Norman Gordon was born in Boksburg, Transvaal, in 1911. He became besotted with cricket from the age of ten, making his debut for Transvaal in the 1933-34 season. He was the leading wicket-taker in the Currie Cup — South Africa’s domestic competition — in 1937-38 and was a natural selection to face England the following season. He got off to a wonderful start in the first Test at the Old Wanderers ground in Johannesburg by claiming the great Walter Hammond, the England captain, as his first victim and finishing the England innings with five wickets.

He took seven wickets in total in the first Test, five in the second and a further five in the fourth. With England leading the series 1-0, a decision was made that the final match would be “timeless” in order to secure a definite result. But the plan backfired spectacularly as, on a pitch offering no help to the bowlers and the batsmen on both sides batting with painstaking care, the match dragged on and on, including a day lost to rain and two rest days. Ken Viljoen, one of the South Africa players, joked that it was the only time he needed two haircuts during a match.

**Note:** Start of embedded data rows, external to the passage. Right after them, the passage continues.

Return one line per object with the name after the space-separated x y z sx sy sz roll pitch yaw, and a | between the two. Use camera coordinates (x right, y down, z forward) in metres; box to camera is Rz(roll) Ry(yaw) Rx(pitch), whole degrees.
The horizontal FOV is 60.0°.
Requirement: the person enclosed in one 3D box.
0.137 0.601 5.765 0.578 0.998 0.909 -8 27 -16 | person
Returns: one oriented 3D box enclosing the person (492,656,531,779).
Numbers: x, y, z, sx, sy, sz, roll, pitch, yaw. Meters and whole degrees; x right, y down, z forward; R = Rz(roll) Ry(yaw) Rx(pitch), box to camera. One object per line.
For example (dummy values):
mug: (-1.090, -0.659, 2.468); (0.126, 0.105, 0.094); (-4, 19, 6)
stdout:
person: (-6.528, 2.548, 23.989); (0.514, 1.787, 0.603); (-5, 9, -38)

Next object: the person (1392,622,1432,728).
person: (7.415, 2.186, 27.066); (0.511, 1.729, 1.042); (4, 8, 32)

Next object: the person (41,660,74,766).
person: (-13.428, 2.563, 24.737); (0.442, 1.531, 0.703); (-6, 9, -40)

Gordon, known as “Mobil” for the amount of Vaseline oil that he used to slick down his hair, encountered Hammond again during the war, when the England batsman was stationed there with the RAF. Hammond was known to be a prickly character but he and Gordon became friends. He still might have been a contender for South Africa’s first postwar tour in 1947, despite the fact that he was 36 by then, but Gordon felt that malign forces were at work: he related a story he had been told that the selectors were concerned about him encountering antisemitic feeling in England.

He ended his playing career in 1949 with 126 wickets from 29 games and ran a sports shop for a number of years; he also worked part-time as an accountant until the age of 94. On his 100th birthday he was honoured with a reception attended by a number of former South Africa players.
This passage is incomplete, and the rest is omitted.